What To Do Before You Say “I Do”

I am at a stage in my life where I can look back at my choices and say to myself, “What on earth was I thinking?” This is especially true when I think about past relationships. As I was talking to a group of young women who were recently engaged, I saw glimmers of my past relationships in their stories and thought to myself: what do I wish someone would had the courage to say to me that would had saved me from future pain?

I then thought of the section of our CEO Liz Davidson’s book, “What Your Financial Advisor Isn’t Telling You: The 10 Essential Truths You Need to Know About Your Money”, titled “Your Life Partner May Be Your Worst Financial Enemy.” Liz mentions that “The person you spend your life with will matter much more to your financial security and ultimately to how wealthy you become than anything any financial advisor can do for you.”   As I shared this with them, I saw the cloud of love lifting and the reality of their significant other’s finances hitting them like a brick.

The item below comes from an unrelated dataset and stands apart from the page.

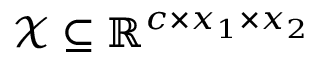<formula> <loc_0><loc_0><loc_500><loc_500>\mathcal { X } \subseteq \mathbb { R } ^ { c \times x _ { 1 } \times x _ { 2 } }</formula> 
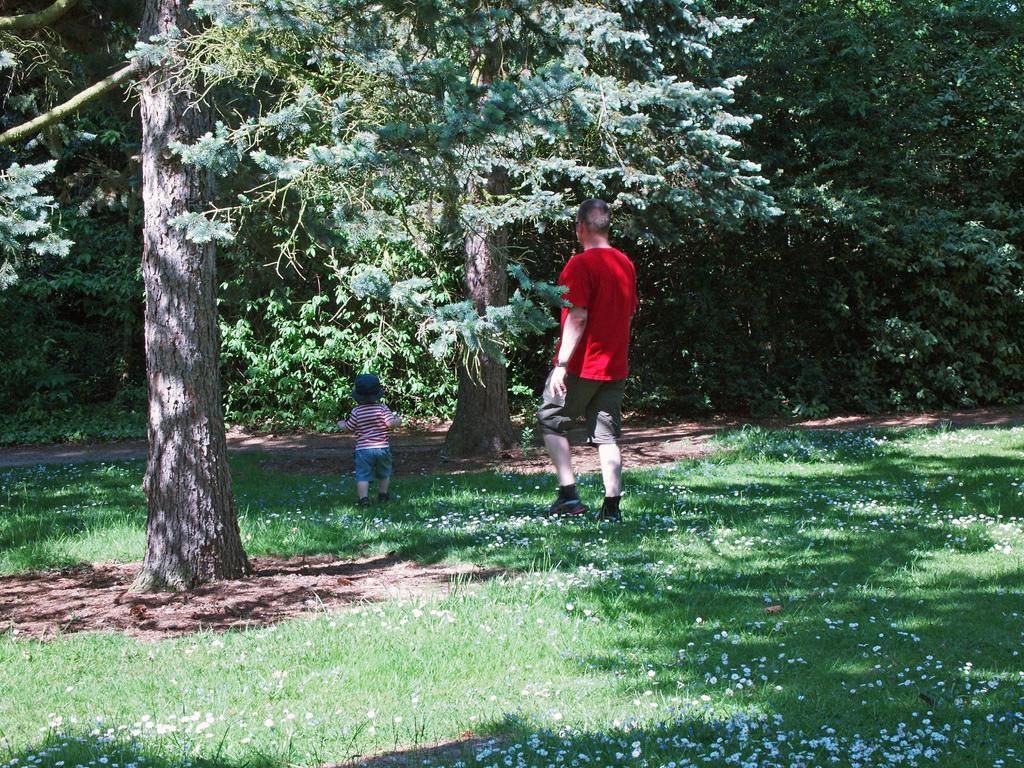In one or two sentences, can you explain what this image depicts? In the foreground of this picture, there is a man and a boy walking on the grass. In the background we can see grass, flowers and the trees.

I told them if they are not careful, they could wind up with a financial vampire. This is someone so lacking in money management skills (either by lack of knowledge or by lack of discipline) that they suck the life out of your financial future. Before you say, “I do,” take the following steps to get a clear picture of your partner’s finances:

1. Listen and look for clues that the love of your life may suck the life out of your finances. Every person I have ever spoken to who ended marriages with financial vampires said that the signs were there but he or she ignored them. Does your partner constantly change jobs? Do their clothes, cars and lifestyle seem at odds with their income?

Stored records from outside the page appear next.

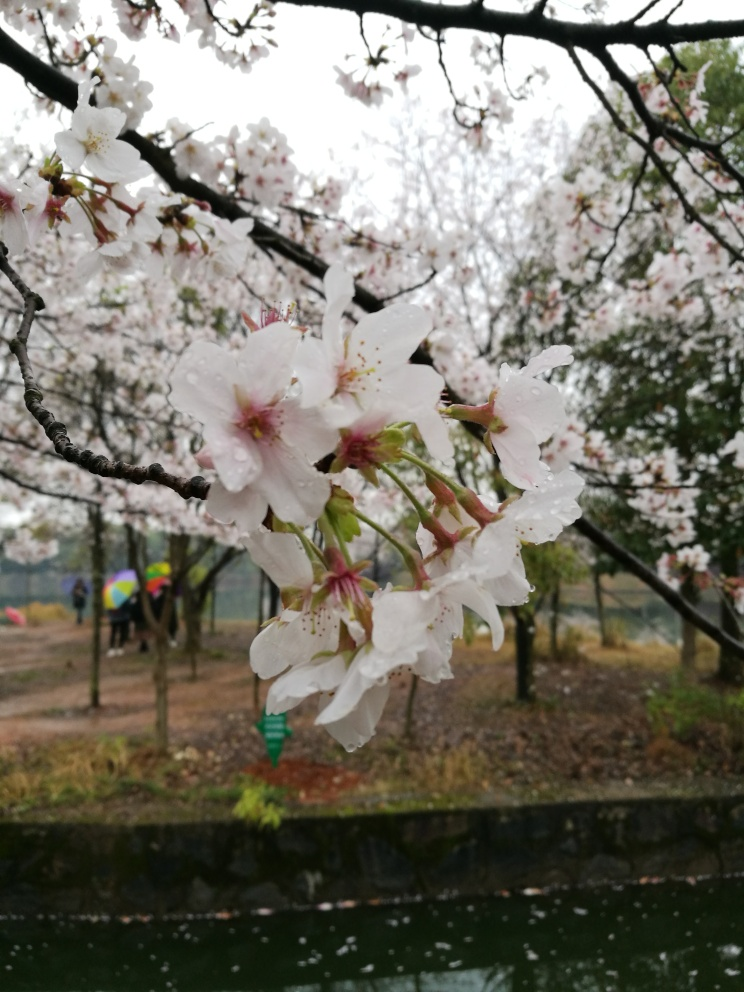What could improve the composition of this picture? Improving the composition could involve straightening the horizon line to enhance balance, adjusting the focus to make the background sharper, or repositioning the framing to adhere to the rule of thirds for a more dynamic image. 
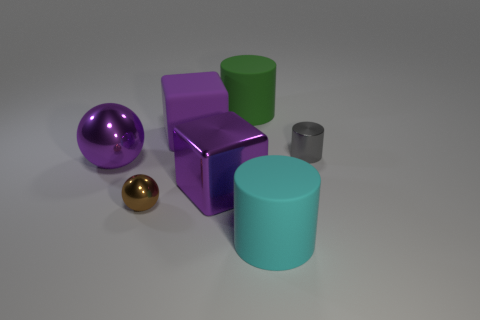What is the size of the purple metal cube?
Ensure brevity in your answer.  Large. Does the small cylinder have the same color as the large ball?
Give a very brief answer. No. How many objects are either green matte cylinders or big objects that are on the right side of the green cylinder?
Your response must be concise. 2. What number of large purple metallic blocks are right of the brown shiny object behind the rubber object that is in front of the small gray thing?
Offer a very short reply. 1. There is another large block that is the same color as the rubber cube; what is its material?
Your response must be concise. Metal. What number of tiny metallic balls are there?
Your response must be concise. 1. There is a object on the right side of the cyan matte thing; is its size the same as the cyan cylinder?
Provide a short and direct response. No. How many shiny objects are either large red things or large purple things?
Ensure brevity in your answer.  2. There is a big purple metal thing left of the brown shiny sphere; how many big purple shiny objects are in front of it?
Offer a terse response. 1. What shape is the large rubber thing that is in front of the large green matte cylinder and behind the small brown metallic thing?
Provide a succinct answer. Cube.

If you find that your potential spouse has a pattern of bad money management habits, talk about it. Consider taking pre-marital classes with a financial component.  See if your fiancé is willing to talk to a financial professional to help him or her come up with a game plan to get back on track financially .

2. Set up a meeting to review each other’s finances. In her book, Liz suggests reviewing each other’s credit reports, bank and investment statements, credit cards statements, credit scores and spending plans. You want to have an overall understanding of the financial picture you are potentially partnering with for life.

3. Discuss how you will handle your money once you are married. Will you share one bank account or have a yours, mine and ours account? How will you handle debts? How will you make major financial decisions? How do your envision your future – 100% debt free except your mortgage or an occasional but manageable car payment?

I know that these discussions can be tough but doing it can save you years of financial and emotional setbacks. As you do this, remember to think of your discussion as a “no judgment zone.” You are looking to see if there is accountability for past decisions and a game plan to get financially on track. This conversation may be one of the most difficult ones to have, but your future self will thank you.